Another implication is that in the future, artificial intelligence (AI) will be able to acquire new skills in a manner akin to that of humans by providing it with access to cloud-based software meant for humans that provides those services.
Providing chat-based AIs with access to search engines like Google is the most basic illustration of this. Of course, there are a lot more search engines on the internet than just Google; there are repositories for academic papers, code, court cases, and much more.
“Plug-ins” are one method generative AIs are integrated into services designed primarily for human use. For instance, ChatGPT plug-ins allow users to access travel search services Kayak and Expedia as well as shopping services Instacart and Shop.
Large language models require these plug-ins because, although they have been trained on enormous amounts of data, they may not have access to information that cannot be scraped from the internet; they are only as current as the corpus of data they were last trained on; and even with all of that data inside of them, they may still have difficulty with certain types of reasoning, such as those found in mathematics.
The true promise of future iterations of “AI for X” services and startups is revealed when large language models are granted access to the same kinds of resources that people already have. These startups are able to begin integrating a wide range of additional data and services, as opposed to merely providing access to a rebranded and licensed version of an established foundation model. For example, “AI for legal advice” could incorporate databases of court rulings, while “AI for diagnoses” could access databases of medical literature. In contrast to the frequently erroneous and made-up responses that people are currently capable of, these systems would use the primitive reasoning ability of large language models to provide answers to questions that are far more reliable.
It is as hard to predict what the world will look like when we all have these new kinds of cognitive aids as it would have been from the standpoint of those early steam engine builders when they first built cars, trains, jet planes, and rockets.
Furthermore, there are still a lot of obstacles in the way of the idealized state of plain-language interfaces for AI assistants that can access the internet’s superpowers on our behalf. One of them is the expense of operating the generative AIs of today; this must decrease before hundreds of millions of us can have ongoing conversations with our AI assistants of the future, instead of just early adopters asking specific questions once in a while.

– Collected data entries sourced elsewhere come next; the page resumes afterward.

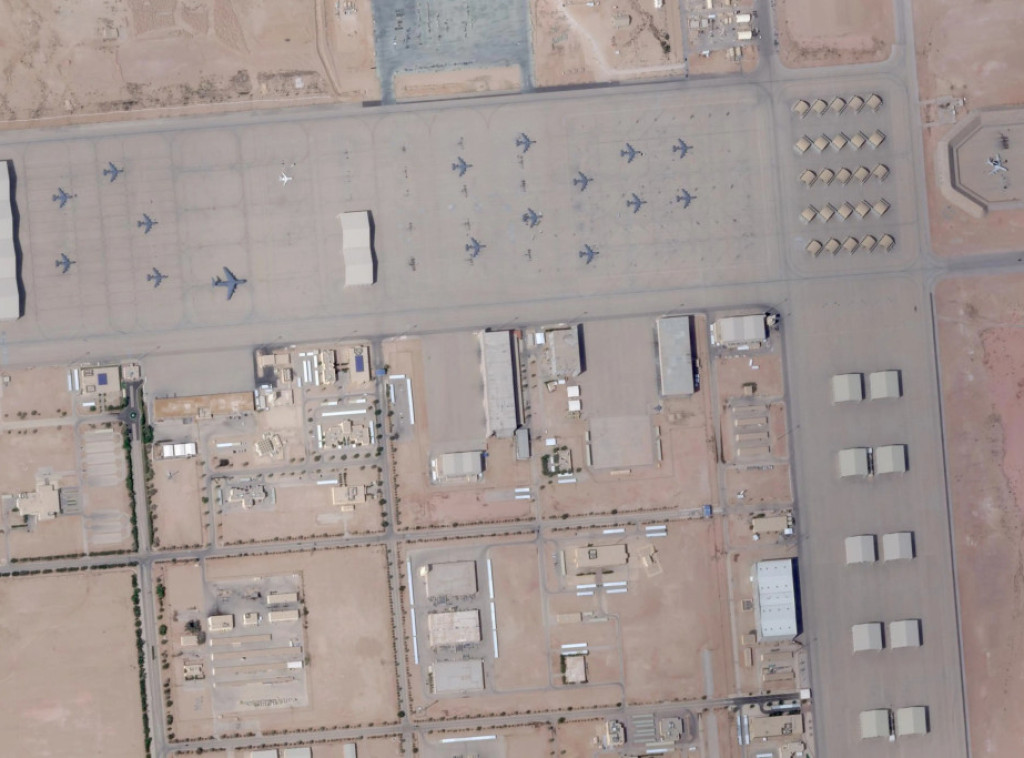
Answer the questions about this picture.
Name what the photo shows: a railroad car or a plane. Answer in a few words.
plane
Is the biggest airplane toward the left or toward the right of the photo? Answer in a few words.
left
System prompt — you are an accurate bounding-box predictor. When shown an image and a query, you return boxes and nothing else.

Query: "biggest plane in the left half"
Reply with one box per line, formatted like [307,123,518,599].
[210,267,247,301]
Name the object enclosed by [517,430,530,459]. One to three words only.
shed
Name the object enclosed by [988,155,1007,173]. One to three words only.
airplane
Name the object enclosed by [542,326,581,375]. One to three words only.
hangar
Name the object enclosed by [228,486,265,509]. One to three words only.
building
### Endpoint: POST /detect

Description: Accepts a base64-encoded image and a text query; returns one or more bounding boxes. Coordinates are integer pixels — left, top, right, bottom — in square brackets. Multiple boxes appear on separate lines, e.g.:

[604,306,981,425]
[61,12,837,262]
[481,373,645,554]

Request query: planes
[676,188,696,208]
[147,267,167,287]
[572,171,592,191]
[522,207,542,227]
[103,162,123,181]
[672,139,692,159]
[620,143,641,163]
[626,193,647,213]
[515,133,536,152]
[137,214,157,233]
[279,172,292,186]
[579,244,599,263]
[55,253,75,273]
[465,237,485,256]
[988,155,1007,173]
[451,157,472,176]
[210,267,247,301]
[52,188,72,207]
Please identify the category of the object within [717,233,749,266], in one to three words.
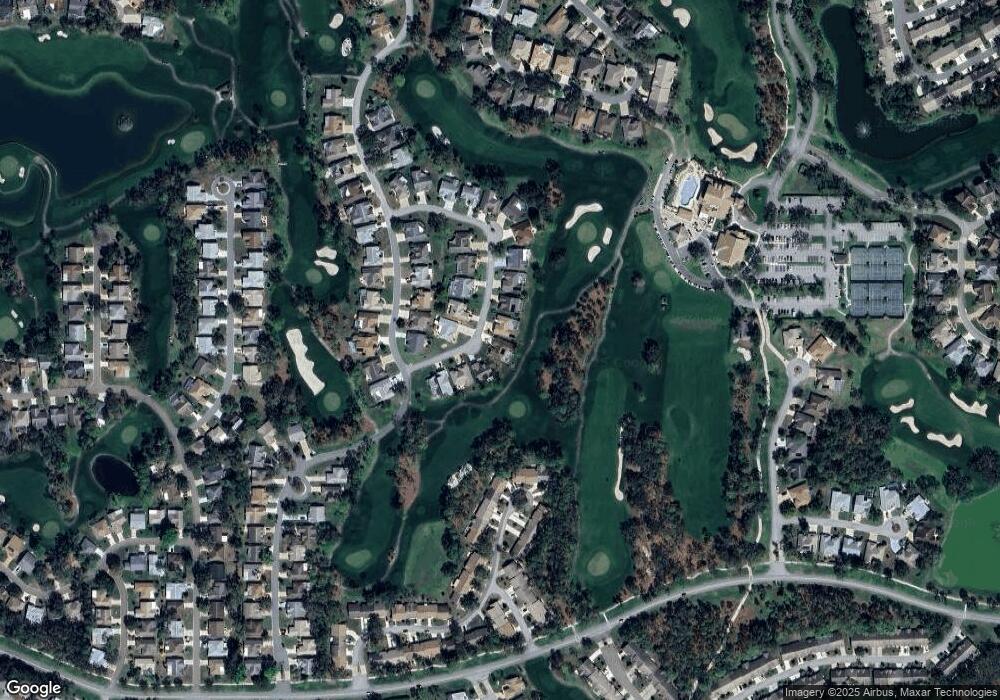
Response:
building
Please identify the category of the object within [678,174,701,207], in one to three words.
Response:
swimming pool
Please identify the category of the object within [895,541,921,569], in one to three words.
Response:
house
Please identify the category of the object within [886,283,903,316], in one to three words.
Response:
tennis court
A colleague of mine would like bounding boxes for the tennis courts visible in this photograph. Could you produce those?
[852,283,868,316]
[886,283,903,316]
[852,248,868,280]
[886,248,903,280]
[868,283,886,316]
[868,248,886,280]
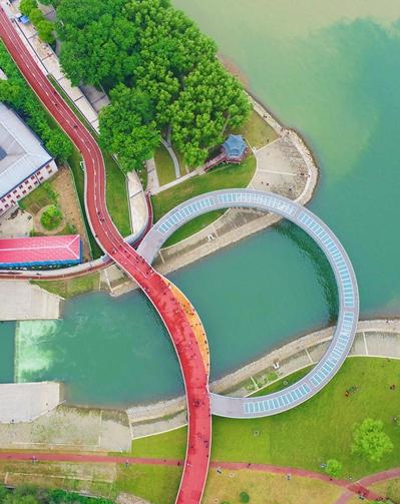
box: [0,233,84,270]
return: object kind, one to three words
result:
building
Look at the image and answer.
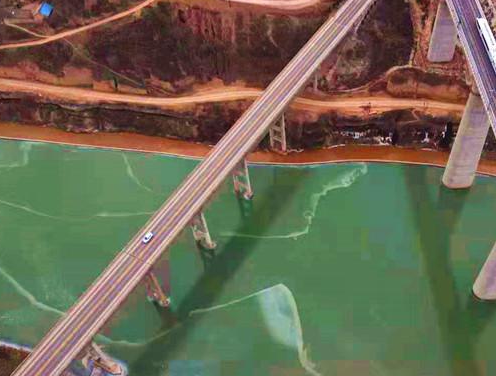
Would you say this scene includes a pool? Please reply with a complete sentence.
No, I can see no pool in this picture.
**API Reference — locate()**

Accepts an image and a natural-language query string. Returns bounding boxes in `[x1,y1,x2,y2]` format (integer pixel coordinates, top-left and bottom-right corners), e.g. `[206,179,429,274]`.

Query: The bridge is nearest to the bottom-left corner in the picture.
[11,0,375,376]
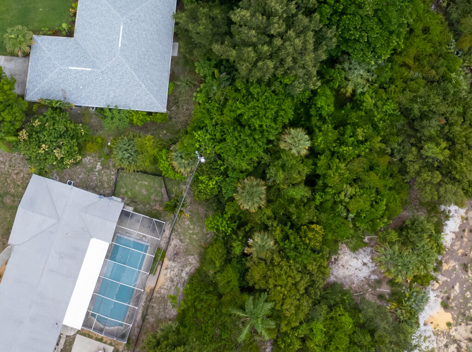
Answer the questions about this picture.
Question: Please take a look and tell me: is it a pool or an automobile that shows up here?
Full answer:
There is a pool in the scene.
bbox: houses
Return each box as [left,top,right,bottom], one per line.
[25,0,176,113]
[0,175,125,352]
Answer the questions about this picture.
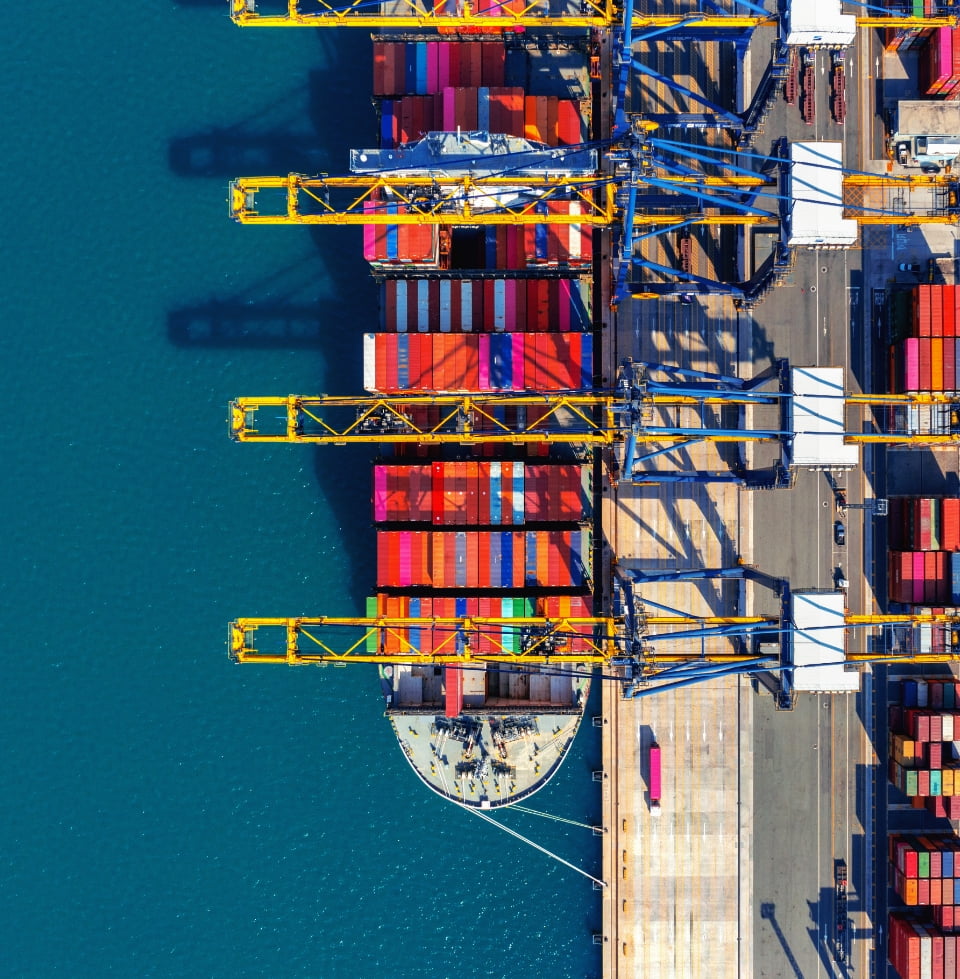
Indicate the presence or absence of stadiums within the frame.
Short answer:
No
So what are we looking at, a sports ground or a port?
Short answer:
port
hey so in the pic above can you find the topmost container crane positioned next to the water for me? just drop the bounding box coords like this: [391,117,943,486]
[224,0,955,154]
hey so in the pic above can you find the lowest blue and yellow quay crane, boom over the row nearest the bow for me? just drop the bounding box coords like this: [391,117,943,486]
[224,551,955,713]
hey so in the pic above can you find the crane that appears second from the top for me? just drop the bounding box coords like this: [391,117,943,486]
[224,131,955,317]
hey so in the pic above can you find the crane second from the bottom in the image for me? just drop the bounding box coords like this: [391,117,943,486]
[224,352,955,498]
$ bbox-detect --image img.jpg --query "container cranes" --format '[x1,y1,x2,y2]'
[224,0,955,154]
[224,352,955,498]
[224,551,955,713]
[224,131,955,317]

According to Douwe Kiela, CEO of Contextual AI, even near-future systems that combine massive language models with specialized systems to improve them at specific tasks are akin to “Frankenstein’s monsters.” This presents another obstacle. It may take many years of continuous improvements, during which engineers optimise each component of these systems to function as a whole while eliminating components that don’t benefit the customer, to solve the cost problems that arise in such cobbled-together systems and make them more useful.
More than a century passed between the steam engine’s invention and the locomotive’s introduction. Concurrently, a novel field of study emerged, which eventually served as the catalyst for numerous additional breakthroughs that were crucial to the Industrial Revolution. If this pattern of development of generative AIs is any indication, the near future of this field will involve revolutionary inventions (AIs that are truly personal assistants, experts in various subjects), years of refinement, frantic attempts to harness and profit from these new technologies, and perhaps even a second Industrial Revolution. However, this revolution will be built on the manipulation of data and insight, not on energy and matter.
Our imaginations are limited to what that might entail.